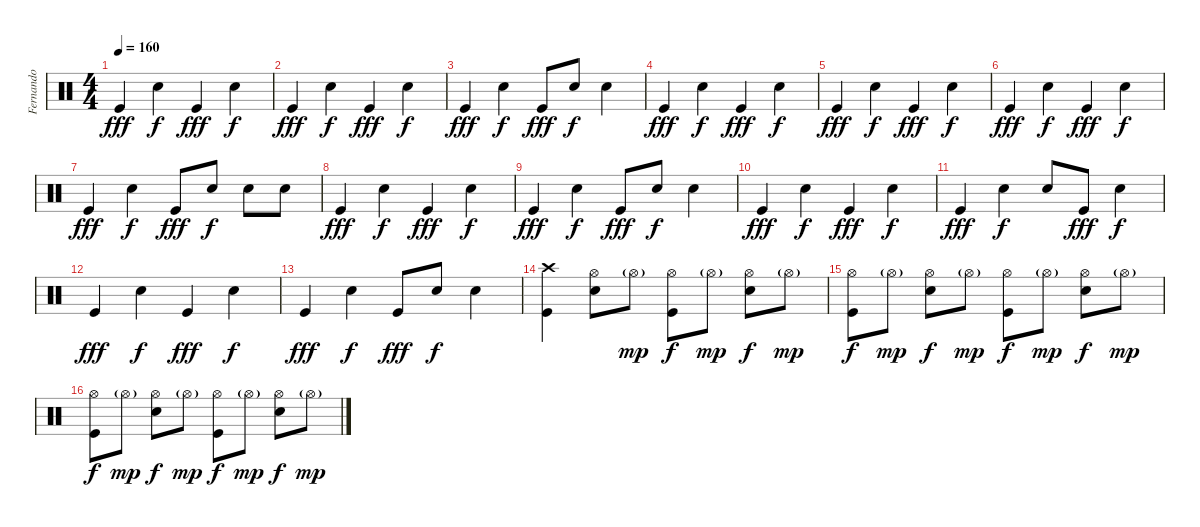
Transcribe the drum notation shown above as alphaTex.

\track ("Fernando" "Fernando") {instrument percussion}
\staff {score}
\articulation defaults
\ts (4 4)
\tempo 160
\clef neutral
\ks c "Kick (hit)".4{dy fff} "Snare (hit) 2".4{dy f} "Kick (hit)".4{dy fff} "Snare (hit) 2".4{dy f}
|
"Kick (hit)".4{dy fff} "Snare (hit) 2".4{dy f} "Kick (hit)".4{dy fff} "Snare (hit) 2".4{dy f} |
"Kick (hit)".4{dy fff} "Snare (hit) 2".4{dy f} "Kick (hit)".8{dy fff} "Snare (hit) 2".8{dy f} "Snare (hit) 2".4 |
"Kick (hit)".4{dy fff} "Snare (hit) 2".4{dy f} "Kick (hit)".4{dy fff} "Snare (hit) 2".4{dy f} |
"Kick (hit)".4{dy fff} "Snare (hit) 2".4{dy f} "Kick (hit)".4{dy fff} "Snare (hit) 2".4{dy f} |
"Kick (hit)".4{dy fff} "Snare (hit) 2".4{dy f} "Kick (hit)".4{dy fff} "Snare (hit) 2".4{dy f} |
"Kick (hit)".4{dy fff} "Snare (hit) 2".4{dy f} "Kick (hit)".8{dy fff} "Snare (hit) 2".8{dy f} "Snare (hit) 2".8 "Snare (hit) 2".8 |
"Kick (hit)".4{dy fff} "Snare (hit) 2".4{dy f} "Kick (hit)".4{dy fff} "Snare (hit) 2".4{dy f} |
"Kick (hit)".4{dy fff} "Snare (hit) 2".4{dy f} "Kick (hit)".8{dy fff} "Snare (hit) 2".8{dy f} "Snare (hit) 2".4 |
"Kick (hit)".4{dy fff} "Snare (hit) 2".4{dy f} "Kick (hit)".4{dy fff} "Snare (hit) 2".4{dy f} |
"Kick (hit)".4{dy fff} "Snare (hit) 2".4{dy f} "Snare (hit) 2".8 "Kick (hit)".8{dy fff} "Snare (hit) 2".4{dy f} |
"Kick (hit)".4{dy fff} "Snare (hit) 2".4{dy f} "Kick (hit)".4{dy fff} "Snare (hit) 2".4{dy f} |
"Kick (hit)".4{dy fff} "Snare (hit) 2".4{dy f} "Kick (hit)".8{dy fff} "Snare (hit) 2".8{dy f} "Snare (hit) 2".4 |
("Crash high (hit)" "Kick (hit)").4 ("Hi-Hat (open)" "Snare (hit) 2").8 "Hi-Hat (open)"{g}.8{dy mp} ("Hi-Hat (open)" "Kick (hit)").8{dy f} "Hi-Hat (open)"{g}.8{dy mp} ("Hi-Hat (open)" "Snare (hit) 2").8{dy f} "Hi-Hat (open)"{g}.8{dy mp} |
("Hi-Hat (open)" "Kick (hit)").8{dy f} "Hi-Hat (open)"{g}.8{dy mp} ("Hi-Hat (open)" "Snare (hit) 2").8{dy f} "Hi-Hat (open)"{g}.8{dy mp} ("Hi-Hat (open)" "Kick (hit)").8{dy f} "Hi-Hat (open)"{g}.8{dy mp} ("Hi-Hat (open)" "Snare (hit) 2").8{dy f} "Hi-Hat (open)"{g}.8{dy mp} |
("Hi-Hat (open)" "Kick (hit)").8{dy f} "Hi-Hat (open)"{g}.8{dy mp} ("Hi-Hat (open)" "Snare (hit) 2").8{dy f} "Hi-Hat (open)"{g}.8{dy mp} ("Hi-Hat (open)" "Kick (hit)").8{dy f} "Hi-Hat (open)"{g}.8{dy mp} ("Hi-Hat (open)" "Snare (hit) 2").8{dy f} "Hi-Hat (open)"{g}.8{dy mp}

# TO DO:
Lines in the material above that include the string "open" should be listed.

# SOLUTION FOR THIS EXERCISE:
("Crash high (hit)" "Kick (hit)").4 ("Hi-Hat (open)" "Snare (hit) 2").8 "Hi-Hat (open)"{g}.8{dy mp} ("Hi-Hat (open)" "Kick (hit)").8{dy f} "Hi-Hat (open)"{g}.8{dy mp} ("Hi-Hat (open)" "Snare (hit) 2").8{dy f} "Hi-Hat (open)"{g}.8{dy mp} |
("Hi-Hat (open)" "Kick (hit)").8{dy f} "Hi-Hat (open)"{g}.8{dy mp} ("Hi-Hat (open)" "Snare (hit) 2").8{dy f} "Hi-Hat (open)"{g}.8{dy mp} ("Hi-Hat (open)" "Kick (hit)").8{dy f} "Hi-Hat (open)"{g}.8{dy mp} ("Hi-Hat (open)" "Snare (hit) 2").8{dy f} "Hi-Hat (open)"{g}.8{dy mp} |
("Hi-Hat (open)" "Kick (hit)").8{dy f} "Hi-Hat (open)"{g}.8{dy mp} ("Hi-Hat (open)" "Snare (hit) 2").8{dy f} "Hi-Hat (open)"{g}.8{dy mp} ("Hi-Hat (open)" "Kick (hit)").8{dy f} "Hi-Hat (open)"{g}.8{dy mp} ("Hi-Hat (open)" "Snare (hit) 2").8{dy f} "Hi-Hat (open)"{g}.8{dy mp}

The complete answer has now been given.